Charlie Coyle failed to register a point in the 2018 playoffs with Minnesota and had never scored more than three times in six previous trips to the dance. Picked up in a deadline deal by Sweeney, the versatile forward has brought life to the Bruins’ third line, scoring six goals and 12 points already.

Maroon, another big-game third-liner, took a pay cut over the summer as a free agent to sign with his hometown Blues (one year, $1.75 million) and move closer to his son, Anthony. The old-school Maroon has scored thrice, including the Round 2 overtime clincher with Anthony in the stands.

Strongest starters vs. Strongest finishers

St. Louis almost always starts on time, as they say. The Blues have scored in the game’s opening five minutes on six occasions this post-season, winning each one, including three against San Jose in the Western Conference final.

Like Kawhi Leonard, the Bruins tend to peak at closing time. Boston is a pristine 11-0 when leading after two periods in the opening three rounds.

Healthy and coming in hot, neither the Blues or Bruins trailed once over the last three games of the conference finals.

Backes’ new buddies vs. Backes’ former buddies

“It’s now a reality. We’ve got one team to beat,” said Boston veteran David Backes, who captained the Blues until Armstrong opted not to offer him a new contract in the summer of 2016.

He signed with the high-bidding Bruins, and although he’s been in and out of the lineup in these playoffs, Backes says “it’ll be extra sweet” to triumph over his former club.

“On the ice there is no friends; we aren’t friends. It’s just going to be a hard final,” St.

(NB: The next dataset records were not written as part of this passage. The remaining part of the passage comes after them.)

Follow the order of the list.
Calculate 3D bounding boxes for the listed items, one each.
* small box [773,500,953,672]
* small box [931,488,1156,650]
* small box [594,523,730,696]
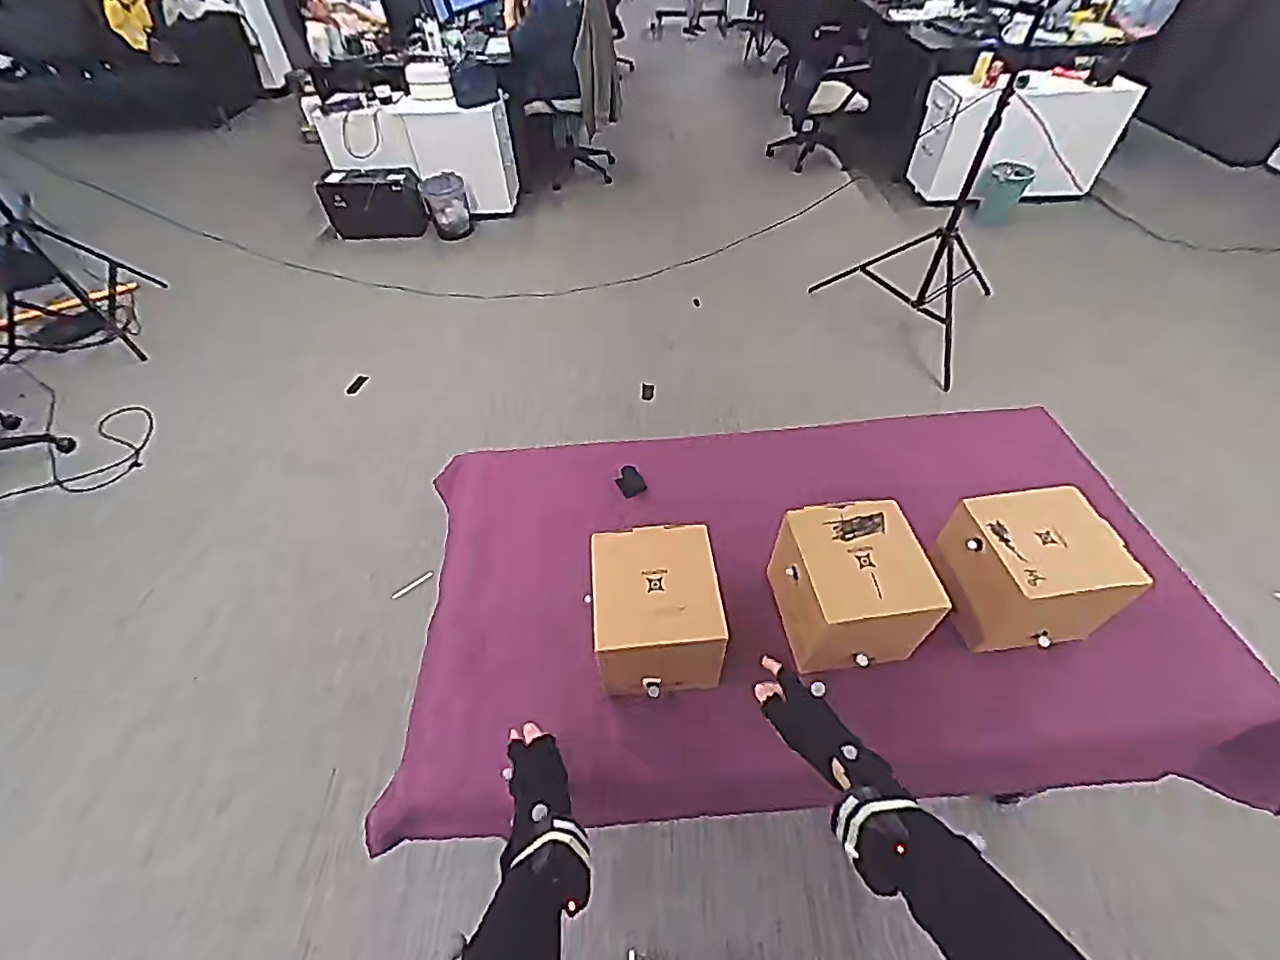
[{"bbox_3d":[0.302,0.154,0.782,0.168,0.176,0.179,-6,50,-3],"label":"small box"},{"bbox_3d":[0.565,0.133,0.792,0.179,0.176,0.168,-6,49,-3],"label":"small box"},{"bbox_3d":[0.025,0.184,0.767,0.168,0.176,0.179,-6,50,-2],"label":"small box"}]

Louis sniper Vladimir Tarasenko said.

Backes’ successor as Blues captain, Alex Pietrangelo, fired his pal a text message last week saying he figures their friendship is on hold for a couple weeks.

Backes never responded.

“So I guess it’s already started,” Pietrangelo said.

Armstrong says the two are close friends. “They’re both great men off the ice, great family men,” Armstrong said. “They shared a lot of the same values away from the rink. I think that as David came in, we made him captain when we got there, he grew into it. Thrusting Alex into it too was a team in transition.”

Rest vs. Rust vs. Give it a rest

This is about as healthy a Cup Final as can be hoped for. Not so much a war of attrition as a war of procrastination. Boston’s 11-day layoff between series set a cap-era record for downtime and prompted the club to throw its own charity scrimmage game Saturday. (No one was injured, but imagine the P.R. nightmare if, say, a David Pastrnak shot broke Charlie McAvoy’s hand.)

The Bruins sold out the prime-time shinny event at 20 bucks a pop, and Coyle’s 90-year-old grandmother, Mary Kelly, was spotted in the crowd.

“Guys seemed to be huffing and puffing when they came out,” Rask said. “Once you go 10 days no playing, I think it’s good to get a little action in, get used to that pace. I think that’s what we wanted to accomplish, and it looked good.”

The Blues can’t complain. They were granted six days of R and R. Drop the puck already.

Fun fact: The last time a Cup finalist had 11 days between games, they had also completed a Conference Final sweep on May 16 before playing Game 1 of the Final on May 27. That was the 2003 Ducks, who lost in seven to New Jersey (four days rest) in 2003.

For those debating the merits of a six-day rest versus an 11-day rest, stop.

Since the NHL’s introduction of the Conference Final format in 1982, teams who are granted four or more days off than their foes are just as likely to win as they are to lose the Cup.